== The data ==

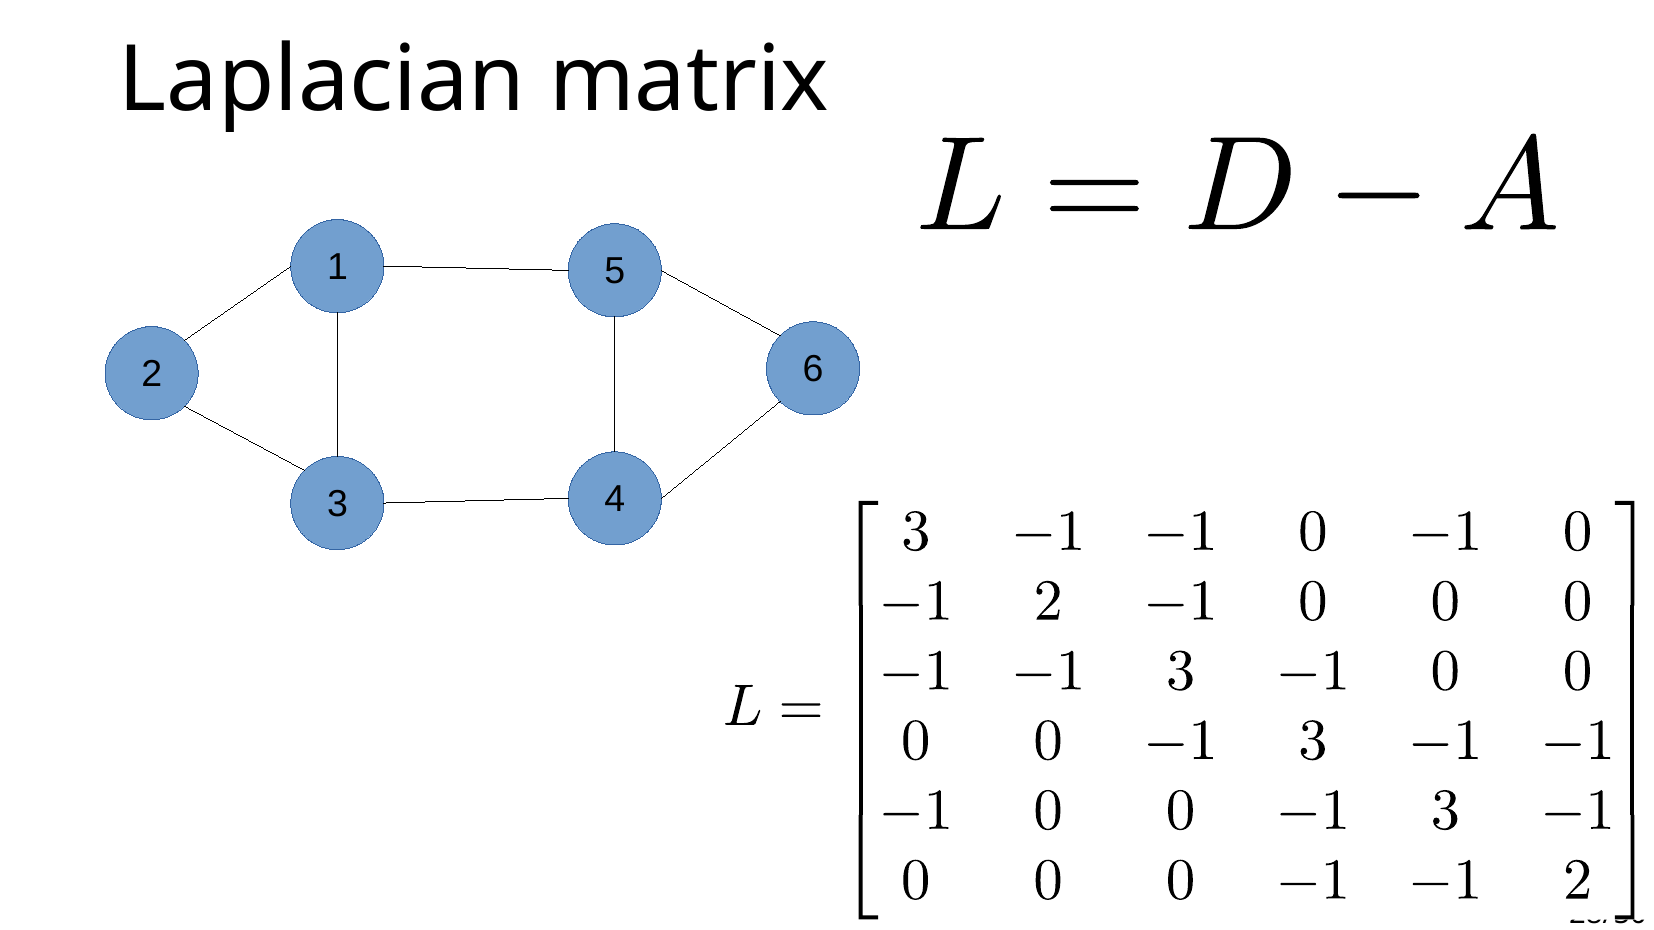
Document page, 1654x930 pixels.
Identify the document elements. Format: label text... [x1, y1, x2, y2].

text_box 5 [568, 223, 662, 317]
text_box [915, 133, 1561, 241]
text_box 4 [568, 451, 662, 545]
title Laplacian matrix [15, 10, 934, 140]
text_box 1 [290, 219, 384, 313]
text_box 6 [766, 321, 860, 415]
text_box 3 [290, 456, 384, 550]
text_box 2 [105, 326, 199, 420]
text_box [722, 500, 1653, 920]

===

## Your objective
Repeat only the stretch of lines starting at the one containing "Identify the document" and running to the final line of the entries above.

## Problem solution
Identify the document elements. Format: label text... [x1, y1, x2, y2].

text_box 5 [568, 223, 662, 317]
text_box [915, 133, 1561, 241]
text_box 4 [568, 451, 662, 545]
title Laplacian matrix [15, 10, 934, 140]
text_box 1 [290, 219, 384, 313]
text_box 6 [766, 321, 860, 415]
text_box 3 [290, 456, 384, 550]
text_box 2 [105, 326, 199, 420]
text_box [722, 500, 1653, 920]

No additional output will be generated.